You may have seen their garish posters plastered around campus, emblazoned with the rallying cry ‘Make Education Free Again’. This is the National Union of Students’ (NUS) education campaign.
The NUS is the peak representative body for students in Australia. In March, the ANU Students’ Association voted to accredit with the NUS and agreed to pay $5,000 in affiliation fees.
Under the mantle of ‘accessible education for everyone’, the NUS campaign encourages students to ‘fight for free education’. The campaign assures us ‘free education is not impossible’, stating ‘a very generous estimate of the cost of free tertiary education in Australia is $8 billion’ annually.
However, free education is not a self-evident good. Given the existence of universal, income-contingent, student loans, there is no clear a priori relationship between free tuition and increased access to university for low SES students.
The Longitudinal Survey of Australian Youth tracked university attendance among those who turned 15 in 2006, the year after the third major increase in tuition fees since the end of free education.

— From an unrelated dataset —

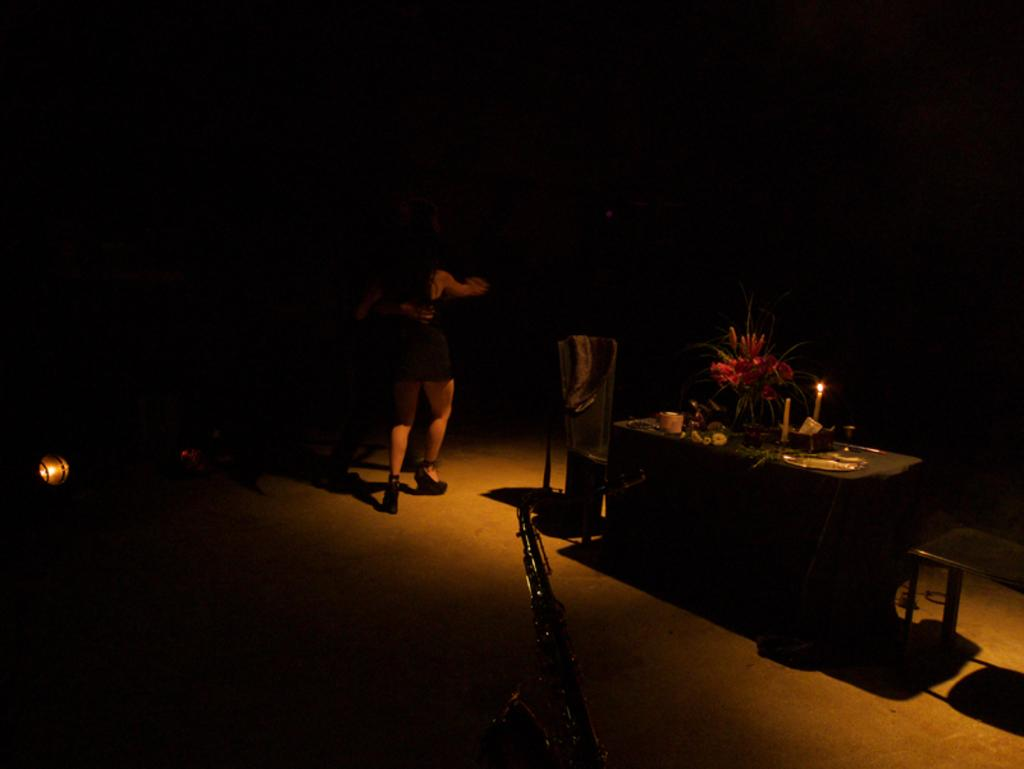What object is present in the image that typically holds flowers? There is a flower vase in the image. What can be seen on the table in the image? There are candles on the table in the image. What type of furniture is visible in the image? There are chairs in the image. What activity are the man and woman engaged in? The man and woman appear to be dancing in the image. Where is the rose located in the image? There is no rose present in the image. What type of animal can be seen walking around the dancing couple in the image? There are no animals, including chickens, present in the image.

The empirical evidence found students from low SES backgrounds were just as likely to attend university despite higher fees.
A similar trend was observed in the United Kingdom, where higher education reforms significantly increased fees in 2012. But application rates and enrolment shares from students from low SES backgrounds actually expanded; a report found 18 year olds in disadvantaged areas were 12 per cent more likely to be admitted in 2013 than in 2011.
These examples support the findings of an Australian study on the under-representation of low SES students in higher education, which found no evidence that credit constraints deter high-achieving students from pursuing tertiary education.
However, SES background is likely to determine ATAR – those from higher SES backgrounds are much more likely to obtain higher scores. This finding is important because entry scores are the dominant driver of university attendance, particularly in the case of elite universities where ATAR cut-offs bar many from attending.
Given a student’s academic performance in secondary school is the most important determiner of whether they can access higher education, an ‘accessible education for everyone’ should begin by redressing educational disadvantage in primary and secondary schools, rather than giving $8 billion in handouts to those already privileged enough to attend university.
Based on conservative estimates, this sum would be enough to build over 500 new primary schools, or fund over one million early intervention programs for young children with special learning needs. Moreover, introducing free tuition fails to tackle the pressures that low SES students currently face at university.
According to another report, low SES students are indeed more likely to drop out of university. It’s not because of the deferred tuition cost, but because they have to work to pay for rent, food and transport. It can also be because they do not feel a sense of belonging as they are financially restricted from participating in university life. Instead of addressing these endemic, but resolvable, issues, the NUS is wasting its oxygen campaigning for a pie in the sky: a measure that would cost Australians one quarter of the annual education budget and three times the amount spent annually on Youth Allowance for students.
In accrediting with the NUS, the ANU Students’ Association have pledged to help the NUS spread its message nationwide. But does this end goal really help to make education ‘more accessible for everyone’?
Jessy Wu is the former Education Officer of the ANU Students’ Association. She resigned in April 2017 for reasons unrelated to ANUSA’s decision to re-accredit with the NUS (she swears). To call for a referendum to permanently disaffiliate from the NUS, a petition with 107 signatures is required.